:: TASK BRIEF ::
Which lines of the records contain the word "cookies"? Copy each one.

:: INPUT FOR THIS TASK ::
[Start of Attachment]

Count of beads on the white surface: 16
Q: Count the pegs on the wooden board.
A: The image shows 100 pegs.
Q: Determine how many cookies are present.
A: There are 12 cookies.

[End of Attachment]
[Start of Attachment]

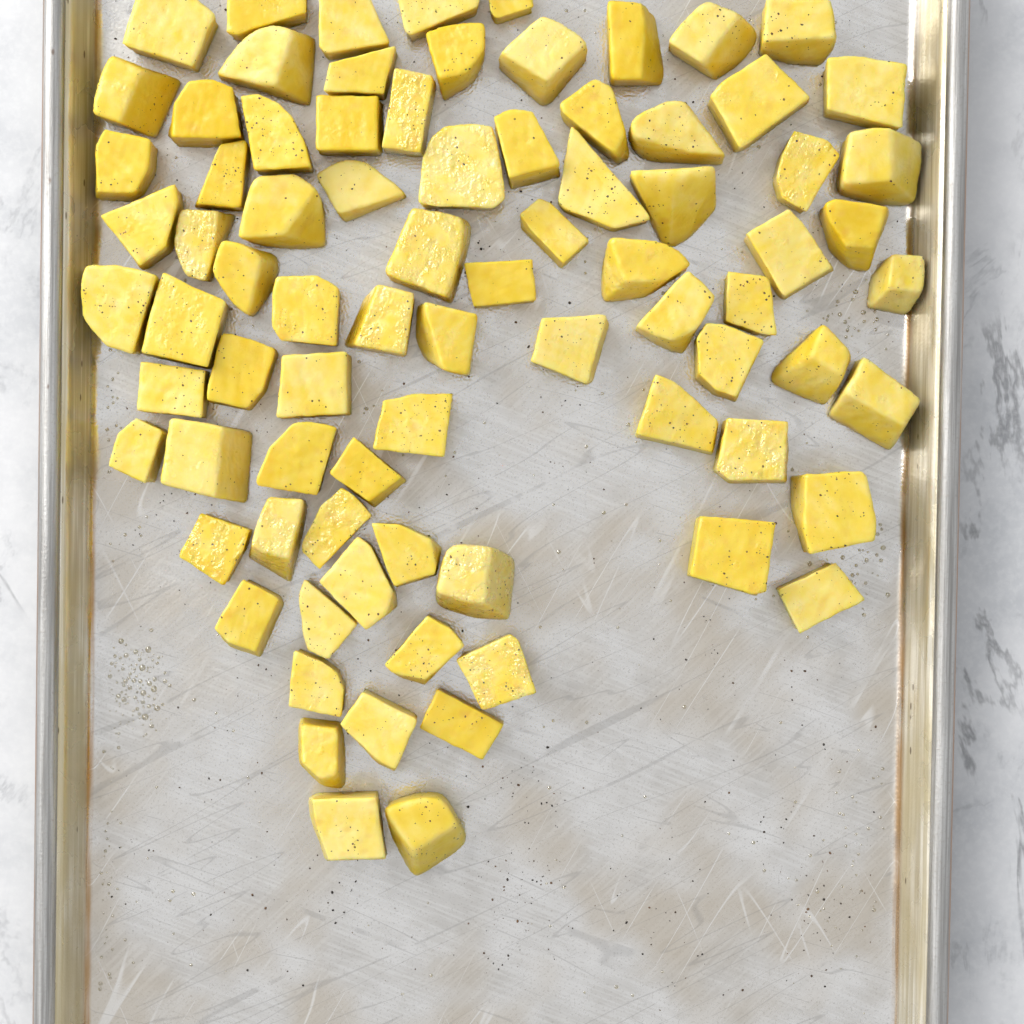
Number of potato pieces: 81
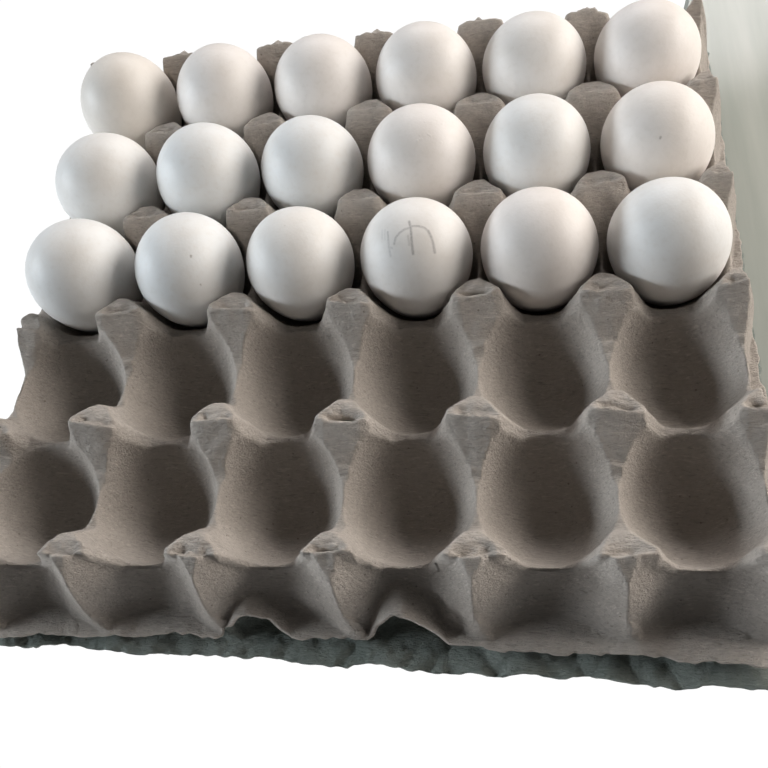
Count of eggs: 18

[End of Attachment]

:: RESULT OF THIS TASK ::
Q: Determine how many cookies are present.
A: There are 12 cookies.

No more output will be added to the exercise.